Cold winters, short spring and long hot summers usually stretch into an extended Indian summer. The warm days followed by cool nights in autumn bring morning mists necessary for the Botrytis. The humidity originates from the nearby rivers Bodrog and Tisza, as well as marshy land on the edge of the Great Hungarian Plain. 


The Disznókő estate is among the warmest in the region.

-  heated by constant summer warmth rising off the Great Plain to the south,

-  protected from cold winter winds by the Zemplén Mountains to the north,

It benefits from the predominant east-west air movement shrivelling the aszú grapes. 


Plenty of sun on the mainly south, south-west, south-east facing plots of the Disznókő estate. 


135 to 220m above sea level. Though it may not seem particularly high, the height is gained in a very short distance from the Great Hungarian Plain immediately in front which lies at only around 80m. The vineyards are quite steep and held by terraces.

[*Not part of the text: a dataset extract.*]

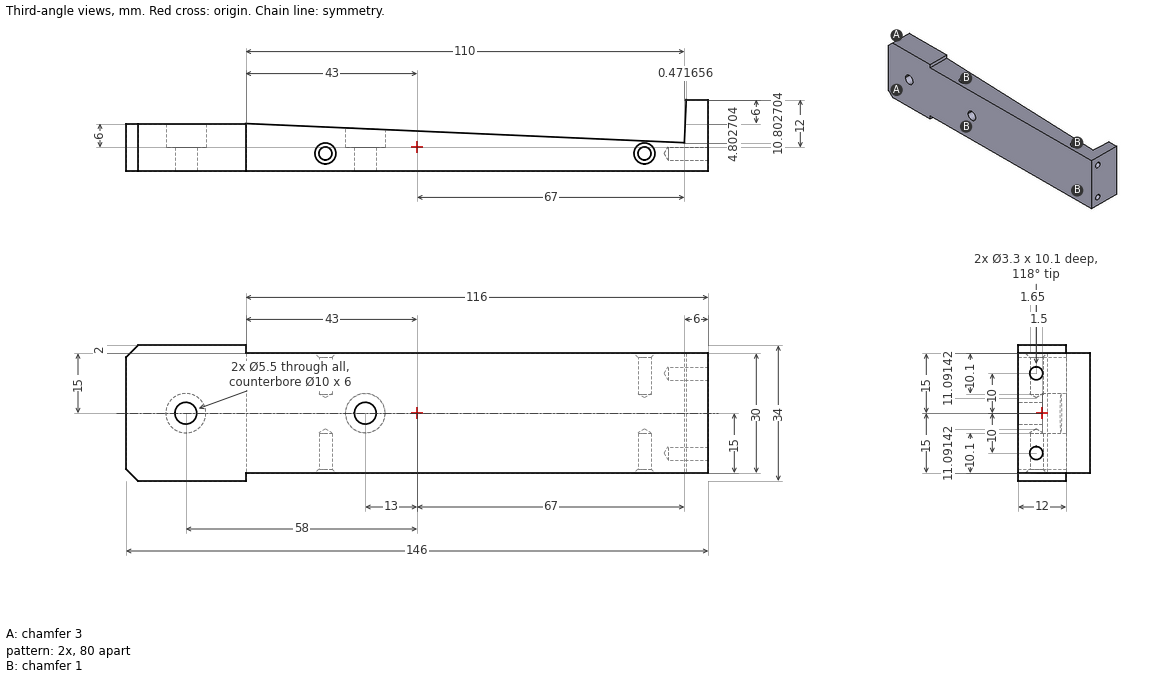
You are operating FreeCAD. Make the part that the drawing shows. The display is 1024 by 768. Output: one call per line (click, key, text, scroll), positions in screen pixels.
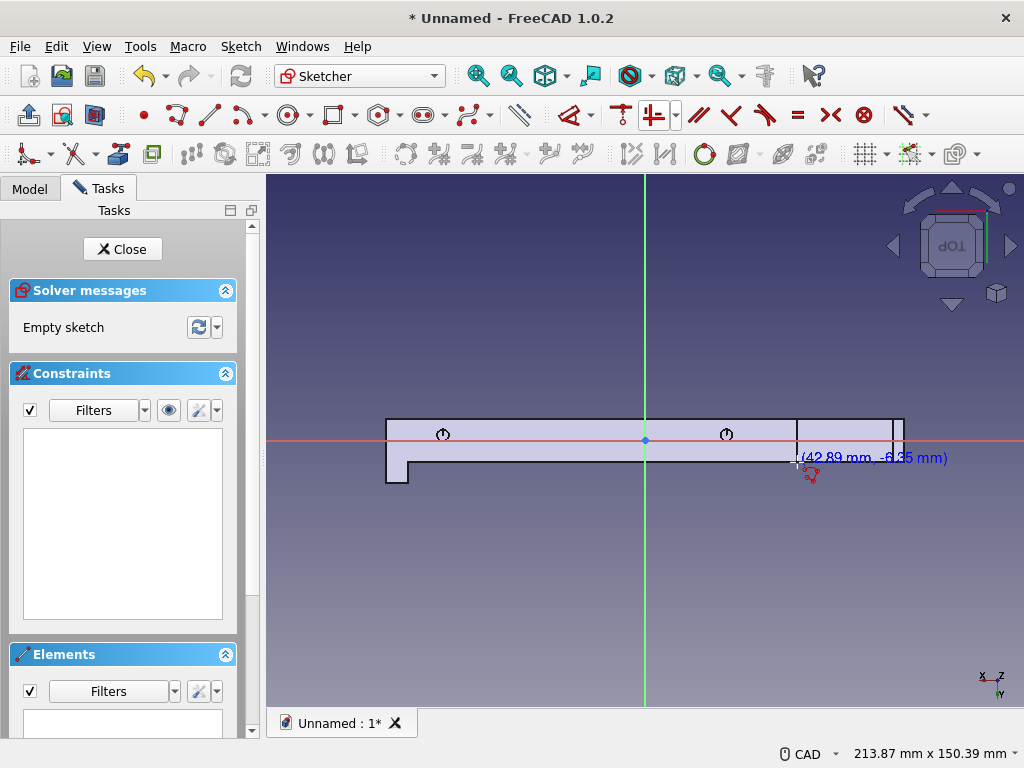
scroll(408, 445, up, 7)

The characteristic soil within the Disznókő estate is a clay soil, settled on rhyolite and rhyolite tuff, a volcanic rock rich in minerals. It has an excellent structure with an ideal water retaining ability and warms up easily to radiate heat towards the vines. The soil has a neutral pH and a well-balanced nutrition content. The rich mineral content of the volcanic soil adds a unique “fire” to our wines.